Try it => Lines with the word "roll" are the ones wanted. Copy each of them from the entries below.

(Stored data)
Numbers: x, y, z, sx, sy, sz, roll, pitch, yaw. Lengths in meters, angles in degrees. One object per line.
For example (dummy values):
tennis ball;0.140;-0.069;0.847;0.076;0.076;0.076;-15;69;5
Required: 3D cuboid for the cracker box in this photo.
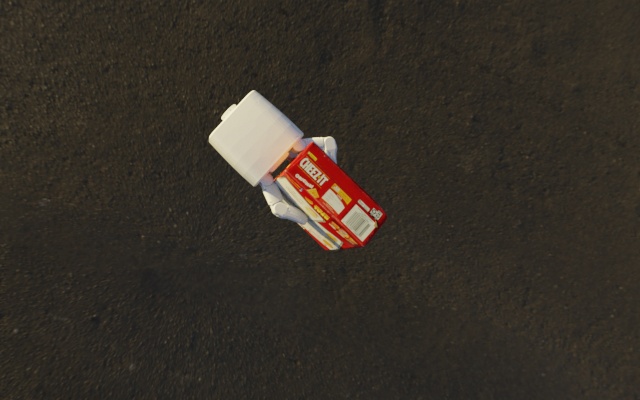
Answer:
cracker box;0.000;0.003;0.794;0.164;0.072;0.214;44;-15;-6
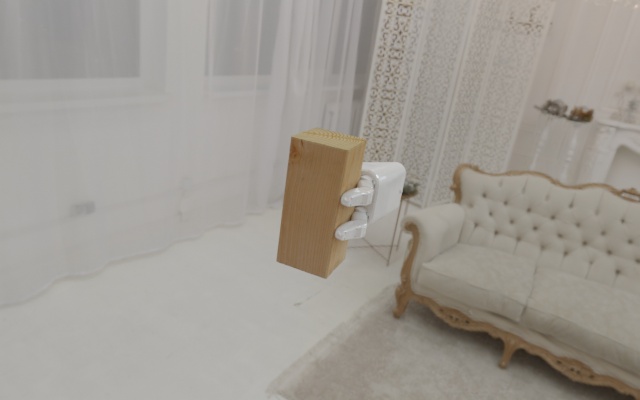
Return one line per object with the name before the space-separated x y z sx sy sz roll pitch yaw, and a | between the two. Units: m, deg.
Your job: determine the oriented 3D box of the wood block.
wood block | 0.000 0.002 0.742 0.091 0.206 0.090 16 23 19

Task output =>
Numbers: x, y, z, sx, sy, sz, roll, pitch, yaw. Lengths in meters, angles in degrees. One object per line.
Return one line per object with the name before the space-separated x y z sx sy sz roll pitch yaw, and a | between the two. Units: m, deg.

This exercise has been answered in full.